* **Exercise directions**:
Retype, exactly as they appear below, the lines between the line holding "Numbers: x, y, z, sx, sy, sz, roll, pitch, yaw." and the line holding "0.278 | 5 | 66 | 6 |", both ends included.

(Extracted material)

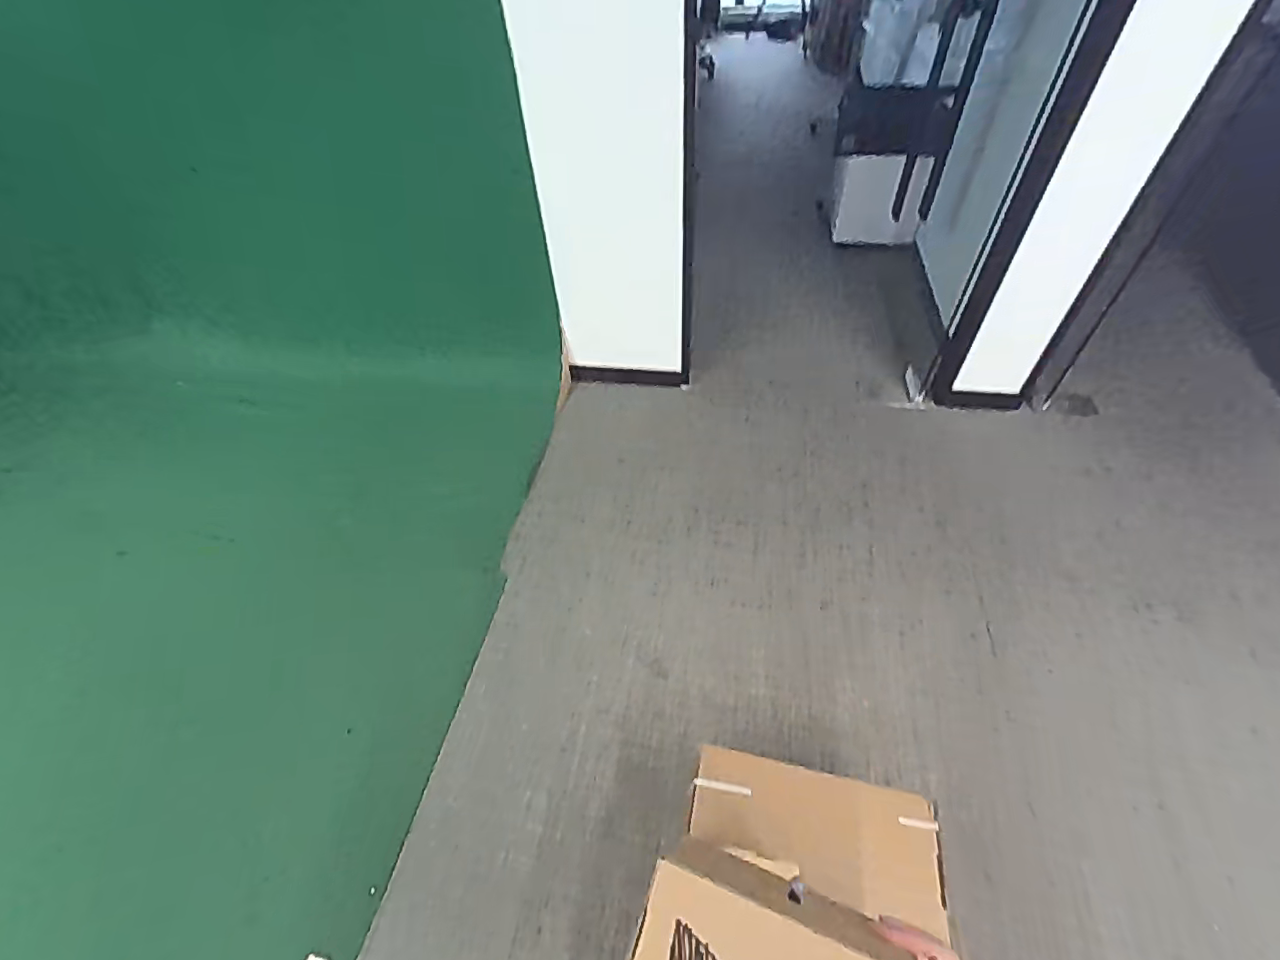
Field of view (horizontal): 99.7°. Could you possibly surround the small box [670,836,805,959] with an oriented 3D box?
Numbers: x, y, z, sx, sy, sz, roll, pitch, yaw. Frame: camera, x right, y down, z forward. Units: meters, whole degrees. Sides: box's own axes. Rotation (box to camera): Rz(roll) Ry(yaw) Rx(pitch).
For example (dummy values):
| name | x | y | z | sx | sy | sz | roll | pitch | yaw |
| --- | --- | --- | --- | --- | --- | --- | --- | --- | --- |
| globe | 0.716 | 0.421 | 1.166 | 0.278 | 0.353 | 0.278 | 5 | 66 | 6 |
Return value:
| name | x | y | z | sx | sy | sz | roll | pitch | yaw |
| --- | --- | --- | --- | --- | --- | --- | --- | --- | --- |
| small box | 0.132 | 0.636 | 0.759 | 0.168 | 0.176 | 0.179 | 7 | 47 | 11 |
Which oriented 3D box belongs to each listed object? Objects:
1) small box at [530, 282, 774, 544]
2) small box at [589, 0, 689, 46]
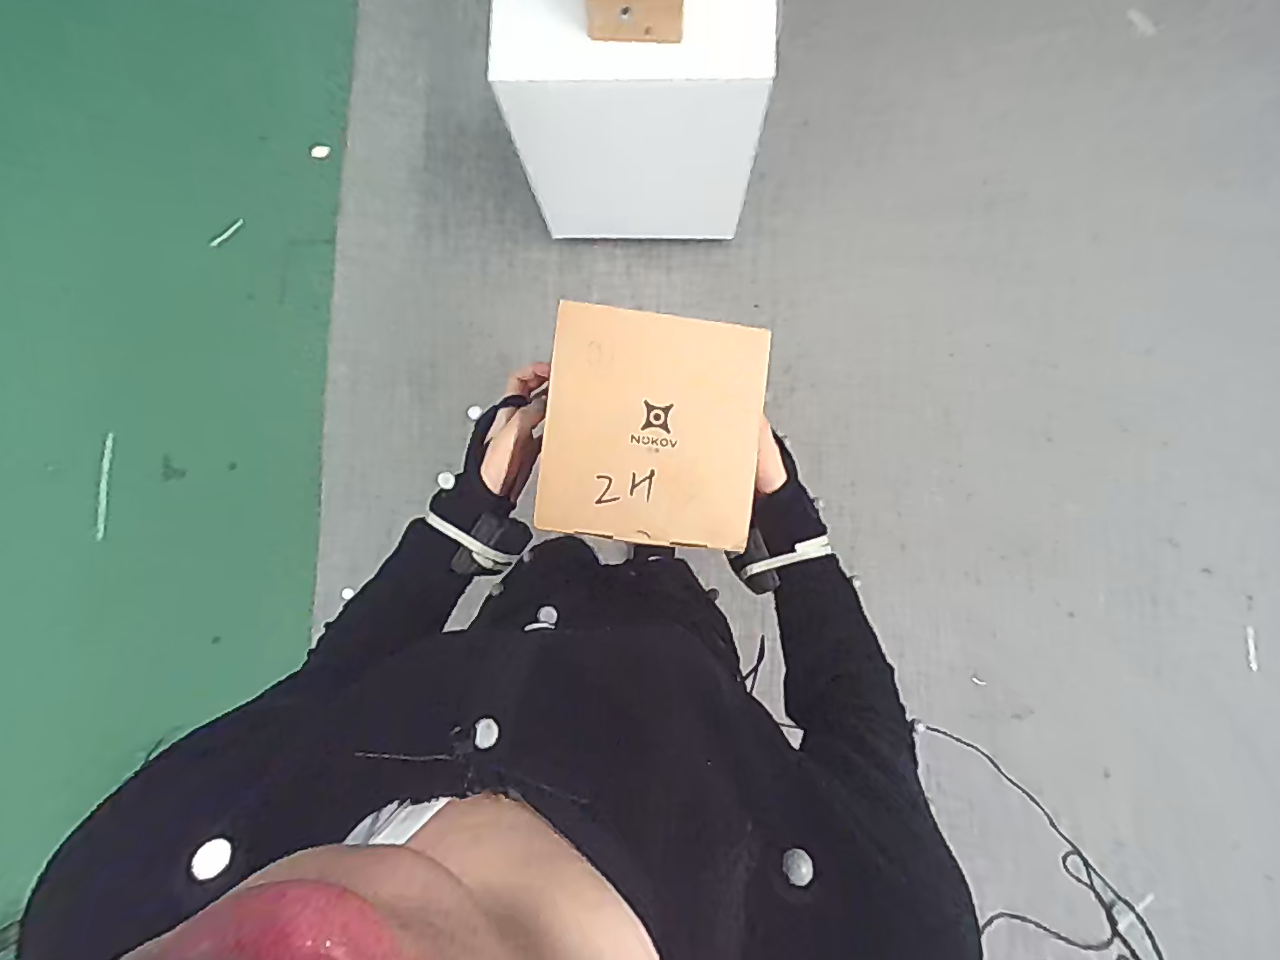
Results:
[{"bbox_3d":[0.004,-0.046,0.471,0.168,0.176,0.179,6,90,-5],"label":"small box"},{"bbox_3d":[0.001,-0.862,0.878,0.168,0.176,0.179,4,85,3],"label":"small box"}]
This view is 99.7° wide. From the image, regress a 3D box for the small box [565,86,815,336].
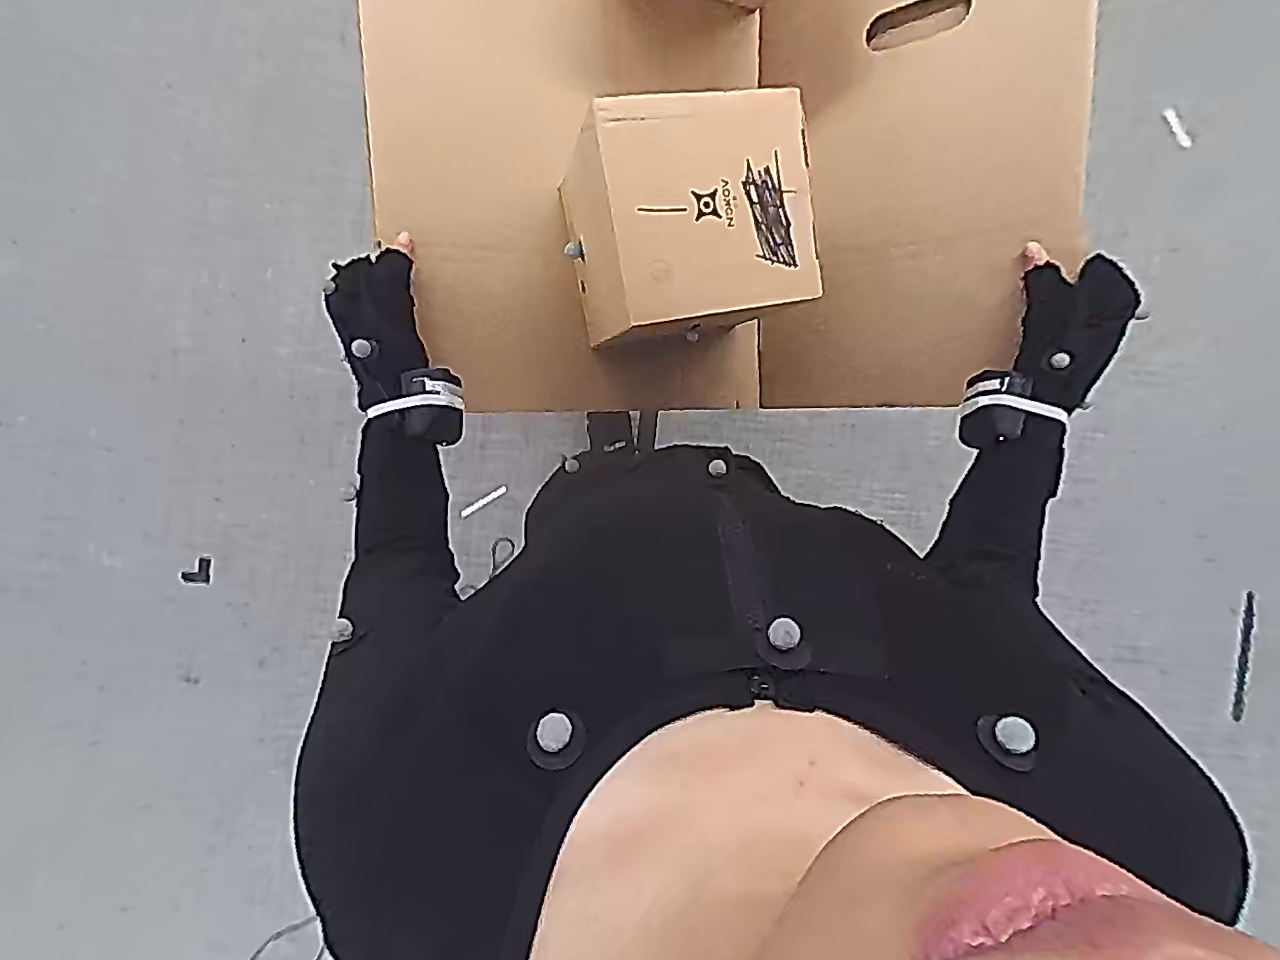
[{"bbox_3d":[0.038,-0.238,0.513,0.179,0.176,0.168,-12,101,-13],"label":"small box"}]
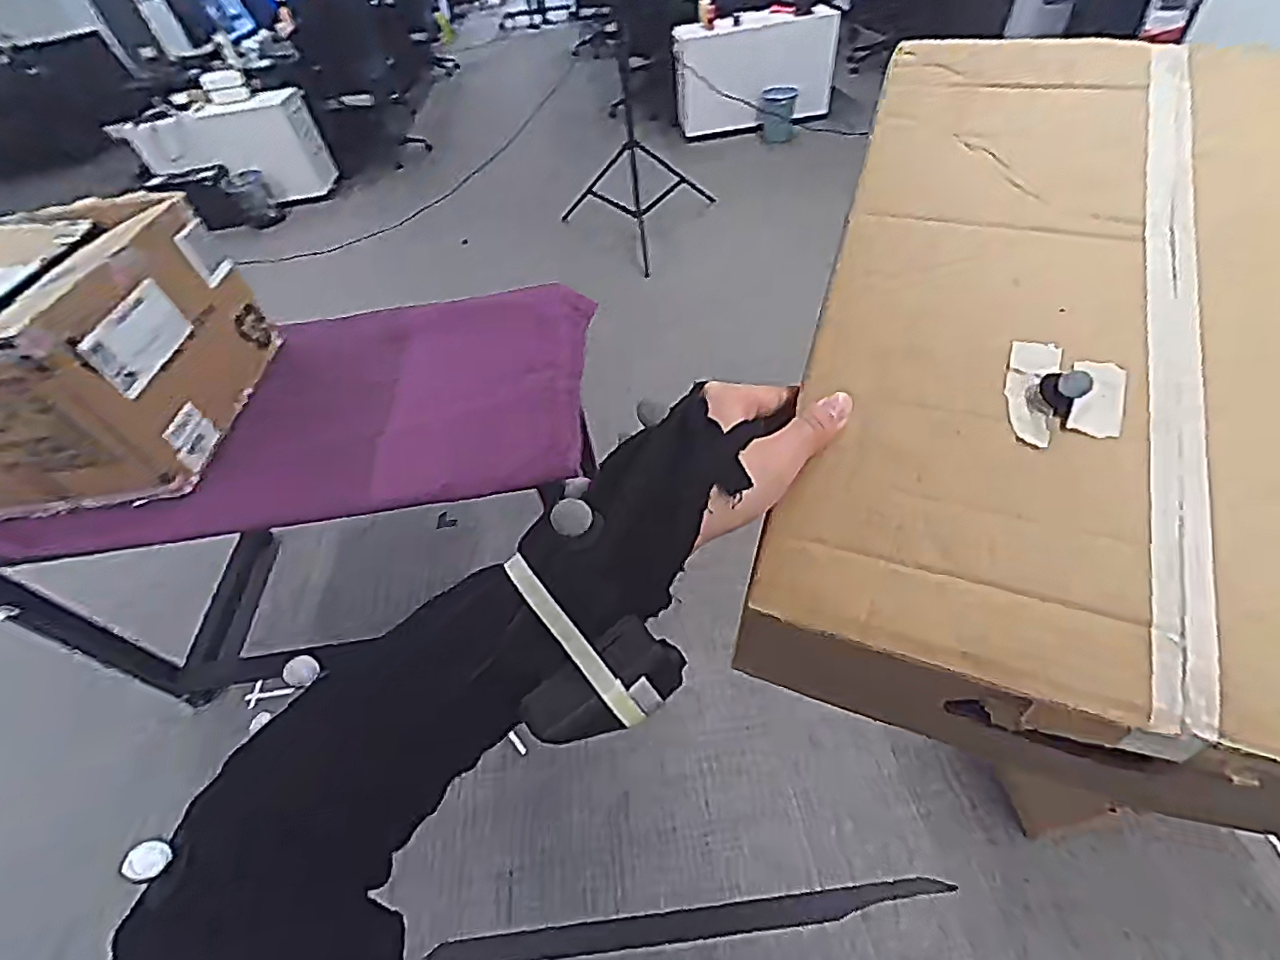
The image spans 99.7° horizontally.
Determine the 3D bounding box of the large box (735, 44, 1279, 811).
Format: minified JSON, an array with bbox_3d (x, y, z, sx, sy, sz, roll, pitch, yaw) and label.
[{"bbox_3d":[0.270,-0.029,0.405,0.320,0.320,0.408,14,69,14],"label":"large box"}]
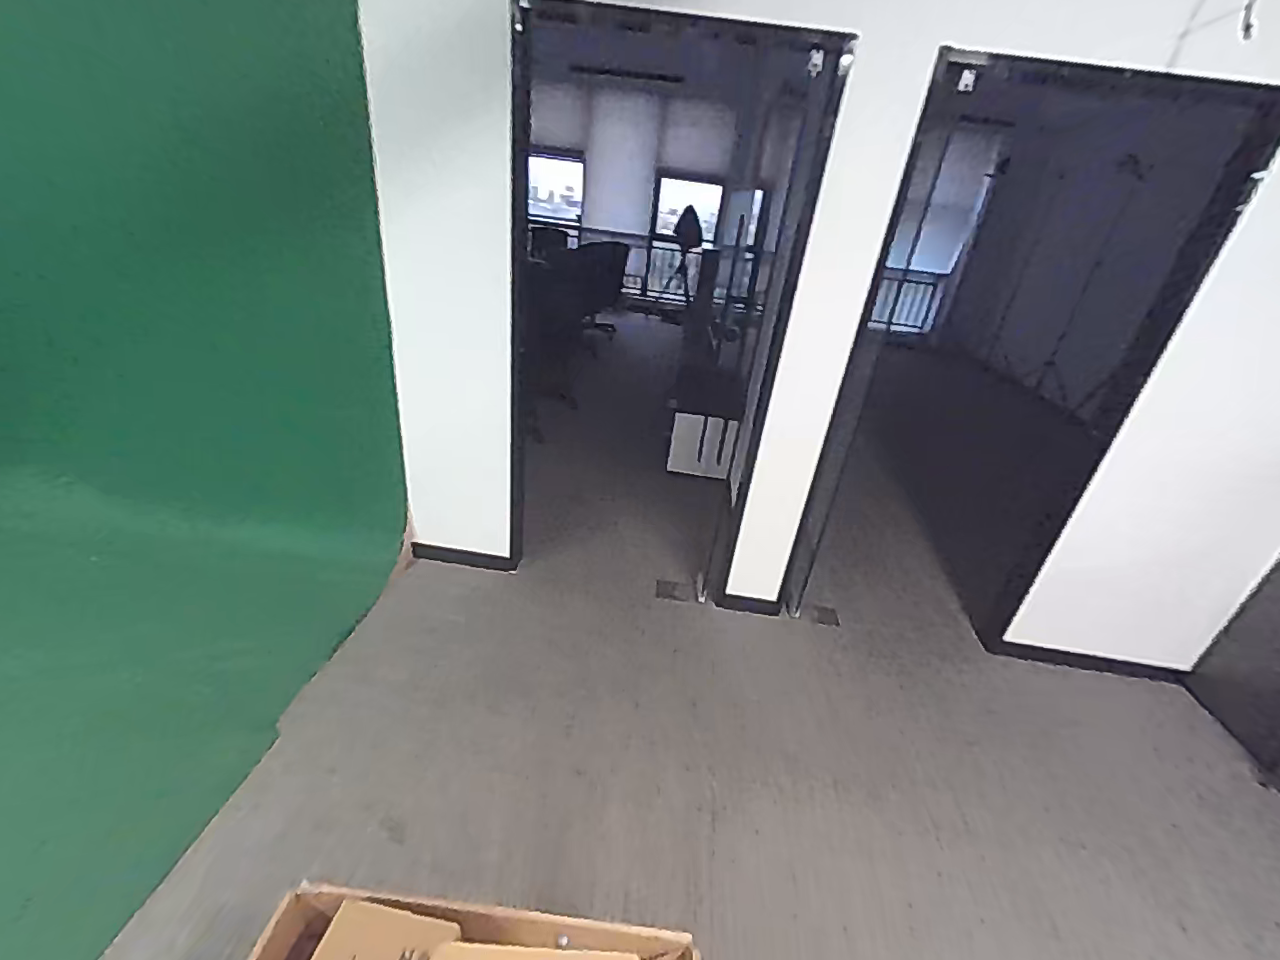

(End Extracted material)

* **Task result**:
Numbers: x, y, z, sx, sy, sz, roll, pitch, yaw. Frame: camera, x right, y down, z forward. Units: meters, whole degrees. Sides: box's own axes. Rotation (box to camera): Rz(roll) Ry(yaw) Rx(pitch).
For example (dummy values):
| name | x | y | z | sx | sy | sz | roll | pitch | yaw |
| --- | --- | --- | --- | --- | --- | --- | --- | --- | --- |
| globe | 0.716 | 0.421 | 1.166 | 0.278 | 0.353 | 0.278 | 5 | 66 | 6 |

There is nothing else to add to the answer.